Reusing the type ascription to distinguish live/dead variable is not ideal; in future we'll either introduce dedicated syntax, or automatically determine which variables can be live and which have to be dead.



# Limitations



The implementation is intended as a proof-of-concept. It is still very rough, and not at all ready for serious use.



Fundamentally, (co)recursive families of types or even mutually (co)inductive types are not supported yet, and the only way to define (total) (co)recursive functions is through the low-level `MvQPF.Fix.drec` and `MvQPF.Cofix.corec` (co)recursion principles.

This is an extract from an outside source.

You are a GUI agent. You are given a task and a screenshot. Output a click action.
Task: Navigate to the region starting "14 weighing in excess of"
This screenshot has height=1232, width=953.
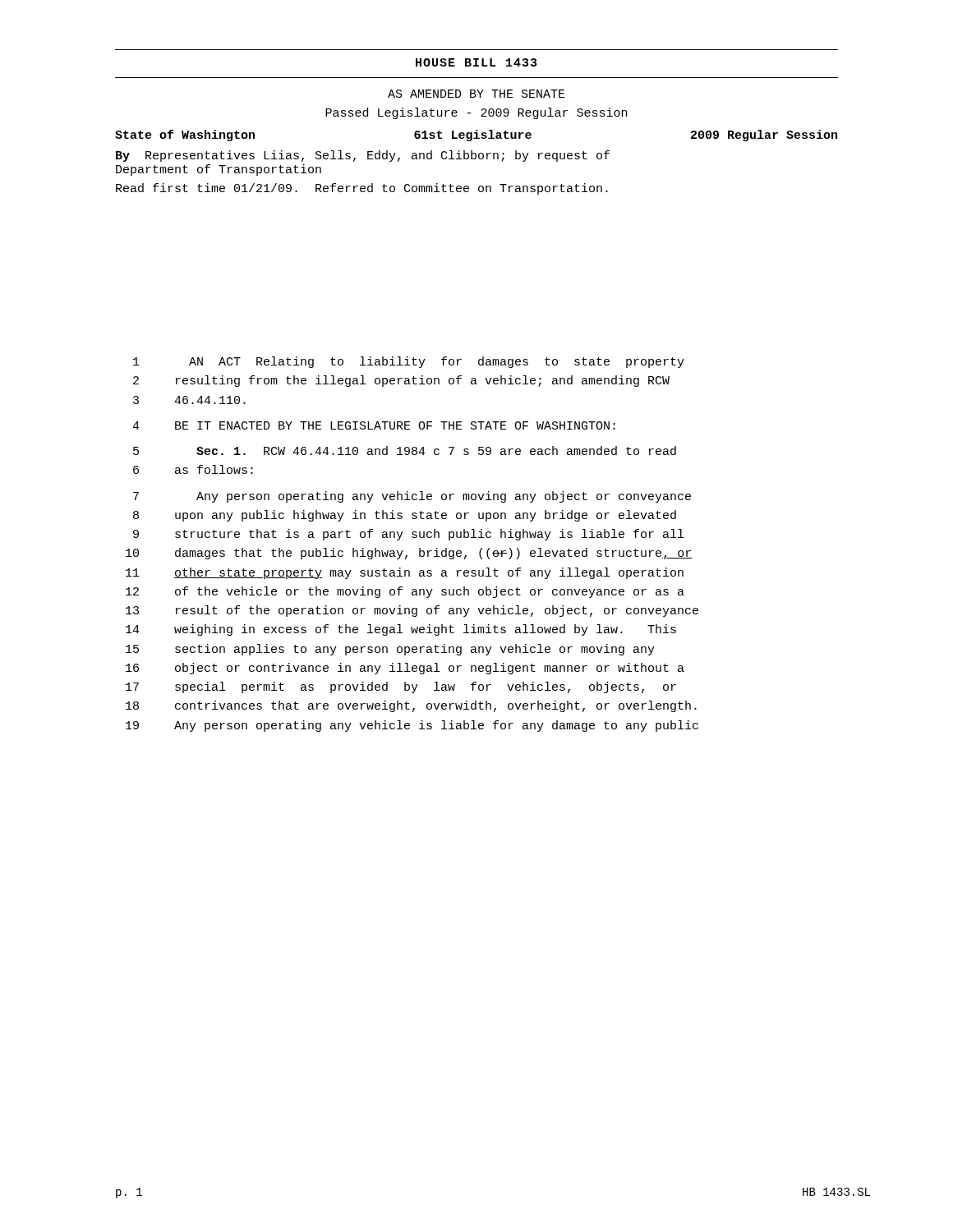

Beyond this, the implementation is far from perfect and might throw errors for specifications that should be supported. Feel free to open issues for any such specifications.



# Try it Out



You can clone https://github.com/alexkeizer/qpf4-example for an example project that imports this package. There is also https://gitpod.io/#https://github.com/alexkeizer/qpf4-example, allowing you to play with codatatypes directly in your browser, no setup needed.



# Organization



TODO



# References



For a thorough discussion about the foundations and implementation of this library, see the accompanying MSc. Thesis by Alex C. Keizer: [Implementing a definitional (co)datatype package in Lean 4, based

on quotients of polynomial functors](https://eprints.illc.uva.nl/id/eprint/2239/1/MoL-2023-03.text.pdf)



The foundations of this library come from [avigad/qpf](https://github.com/avigad/qpf).

There it was described as

>  This repository contains a formalization of data type constructions in Lean, by Jeremy Avigad, Mario Carneiro, and Simon Hudon. A       preliminary version of the work is described in this talk: [http://www.andrew.cmu.edu/user/avigad/Talks/qpf.pdf](http://www.andrew.cmu.edu/user/avigad/Talks/qpf.pdf).